Dictionaries are an extremely versatile and one of the most popular python data structures. A powerful feature of dictionaries is the ability to store and retrieve information using names. Dictionaries are convenient when the data is not a square matrix or table and has multiple features that need to be stored together. A common example is weather data.

>Dictionaries are defined using `{}` and data inside dictionaries is associated to names using `name:value` pairs

In [39]:
D = {'city':'Manhattan',
     'state':'Kansas',
     'coords': (39.208722, -96.592248, 350),
     'data': [{'date' : '20220101', 
              'precipitation' : {'value':12.5, 'unit':'mm', 'instrument':'TE525'},
              'air_temperature' : {'value':5.6, 'units':'Celsius', 'instrument':'ATMOS14'}
              },
              {'date' : '20220102', 
              'precipitation' : {'value':0, 'unit':'mm', 'instrument':'TE525'},
              'air_temperature' : {'value':1.3, 'units':'Celsius', 'instrument':'ATMOS14'}
              }]
    }

print(D)
print(type(D))

{'city': 'Manhattan', 'state': 'Kansas', 'coords': (39.208722, -96.592248, 350), 'data': [{'date': '20220101', 'precipitation': {'value': 12.5, 'unit': 'mm', 'instrument': 'TE525'}, 'air_temperature': {'value': 5.6, 'units': 'Celsius', 'instrument': 'ATMOS14'}}, {'date': '20220102', 'precipitation': {'value': 0, 'unit': 'mm', 'instrument': 'TE525'}, 'air_temperature': {'value': 1.3, 'units': 'Celsius', 'instrument': 'ATMOS14'}}]}
<class 'dict'>


The example above has several interesting features:
- The city and state names are ordinary strings
- The geographic coordinates (latitude, longitude, and elevation) are grouped using a tuple.
- Weather data for each day is a list of dictionaries

>Note how dictionaries also allow us to add useful metadata such as variable units and instrument model.

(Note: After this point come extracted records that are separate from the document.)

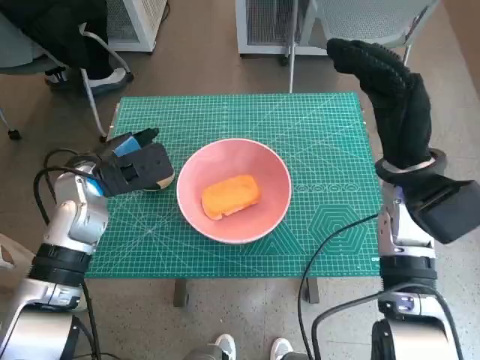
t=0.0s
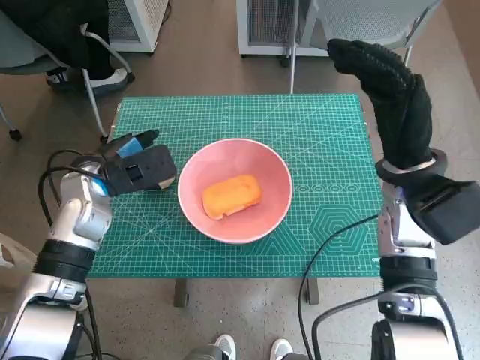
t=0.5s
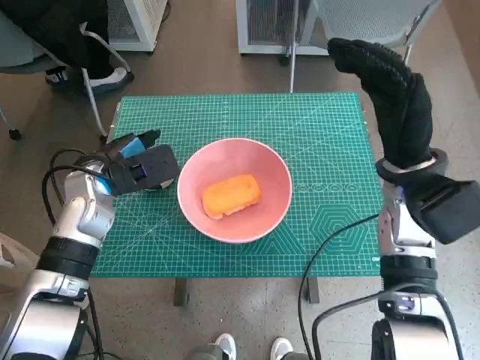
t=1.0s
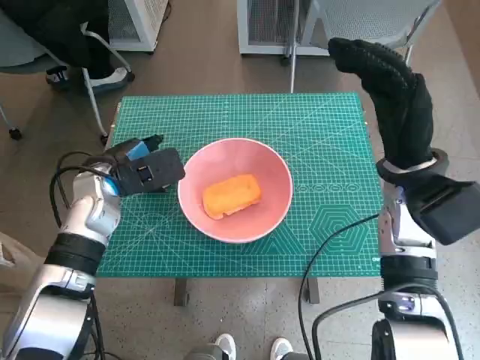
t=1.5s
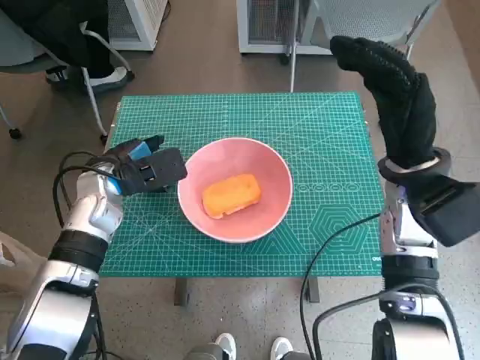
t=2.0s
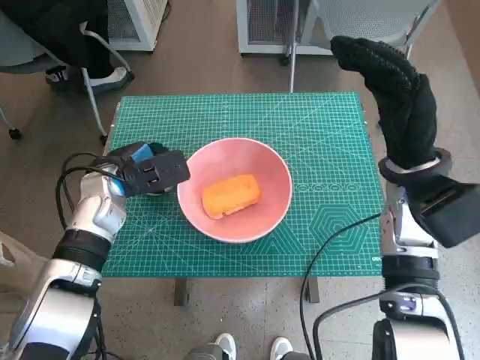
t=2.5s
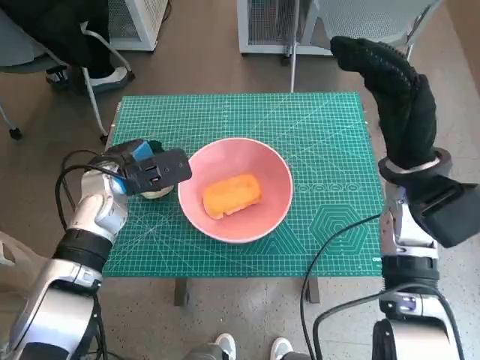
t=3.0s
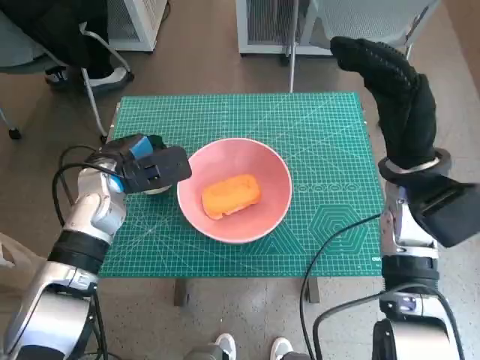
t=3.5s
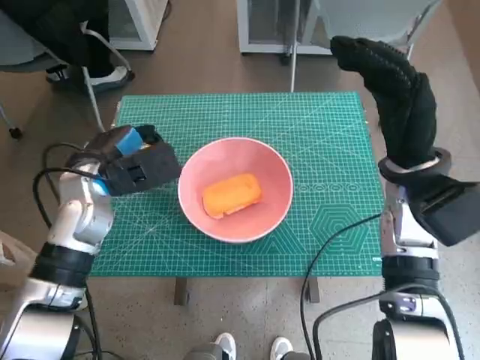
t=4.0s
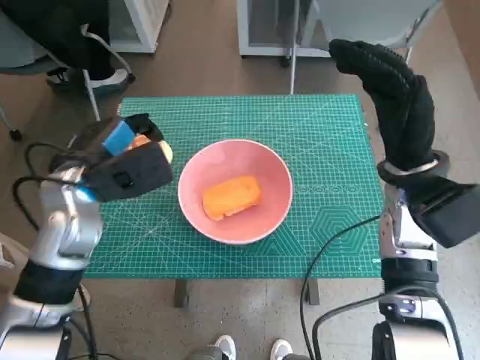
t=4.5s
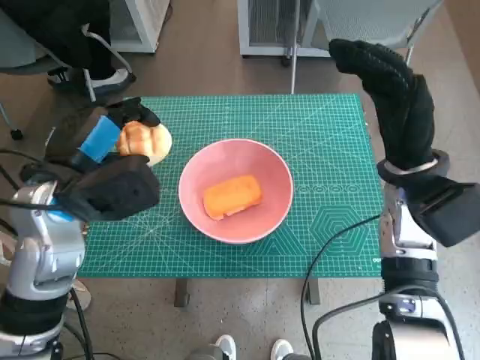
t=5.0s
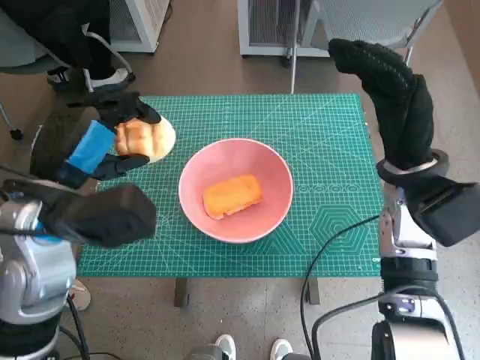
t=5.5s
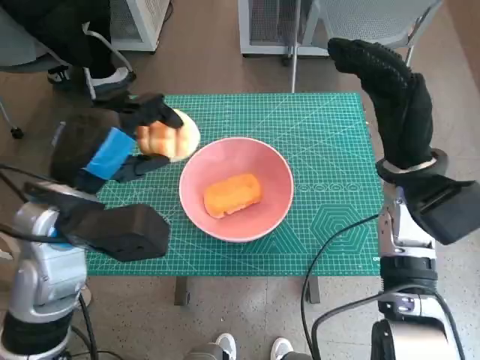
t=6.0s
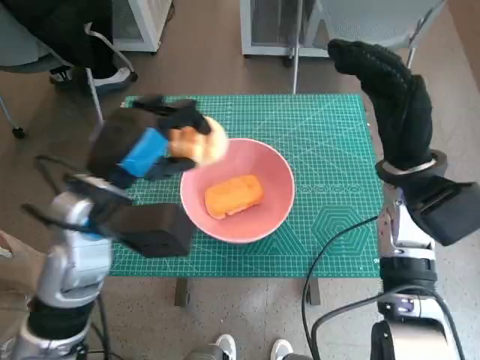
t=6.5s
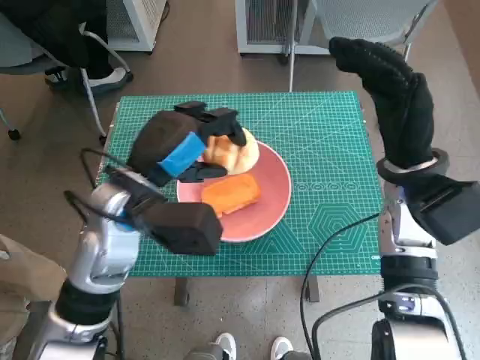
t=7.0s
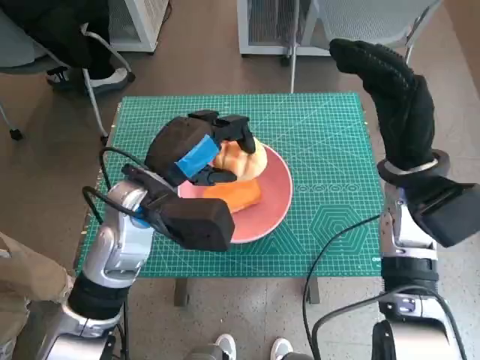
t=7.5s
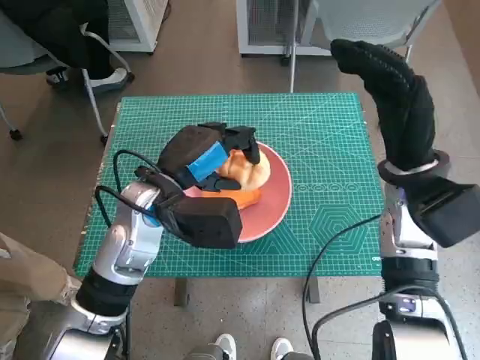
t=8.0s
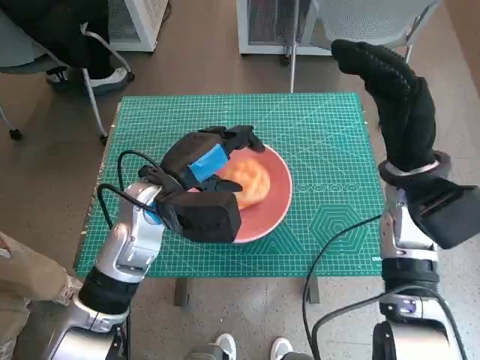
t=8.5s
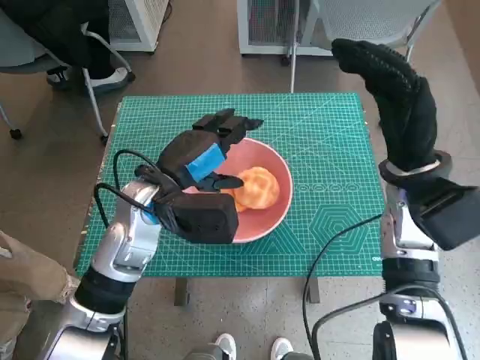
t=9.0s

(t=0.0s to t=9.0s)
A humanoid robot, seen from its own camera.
Step, t=0.0s - t=3.0s: Grasp the round bread with left hand.
Step, t=3.5s - t=9.0s: Place the round bread in pink bowl with left hand.
t=0.0s - t=2.0s: The hands stay close to where they were, moving slightly.
t=2.0s - t=4.5s: The left hand shifts roughly 5 cm upward.
t=4.5s - t=7.0s: The left hand goes about 5 cm to the right.

It's also important that you realize that the organization of the dictionary above depends on programmer preferences. For instance, rather than grouping all three coordinates into a tuple, a different programmer may prefer to store the values under individual `name:value` pairs.

## Sets

Sets is the fourth Python data type and is used to store multiple items into a single variable. Unlike `lists`, Python `Sets` don't allow for duplicate items, items cannot be changed (although items can be added and removed), and items are not indexed.

>Sets are represented by curly braces `{}`. They are similar to lists in the sense that they constitute a list of elements and are similar to dictionaries in the sense that we represent them using curly braces. Note that sets do not contain `name:value` pairs. The Python `sets` data structure does not seem to be as widely used as dictionaries, lists, and tuples.

In [38]:
dna_1 = set('ATTTGAATTA') # DNA sequence 1
dna_2 = set('GGATTCGCGT') # DNA sequence 2

# Print unique bases in each DNA sequence
print(dna_1)
print(dna_2)


{'A', 'G', 'T'}
{'A', 'G', 'C', 'T'}


In [37]:
# Check data type
print(type(dna_1))

<class 'set'>


## Practice

1. Create a list with the scientific names of three common grasses in the US Great Plains: big bluestem, switchgrass, indian grass, and little bluestem.

2. Using a periodic table, store in a dictionary the name, symbol, atomic mass, melting point, and boiling point of oxygen, nitrogen, phosphorus, and hydrogen. Then, write two separate python statements to retrieve the boiling point of oxygen and hydrogen. Combined, these two atoms can form water, which has a boiling point of 100 degrees Celsius. How does this value compare to the boiling point of the individual elements?

3. Without editing the dictionary that you created earlier, append the properties for a new element: carbon.

4. Create a list of tuples encoding the latitude, longitude, and altitude of three national parks of your choice.

5. Create a list of tuples containing the two matching DNA base pairs.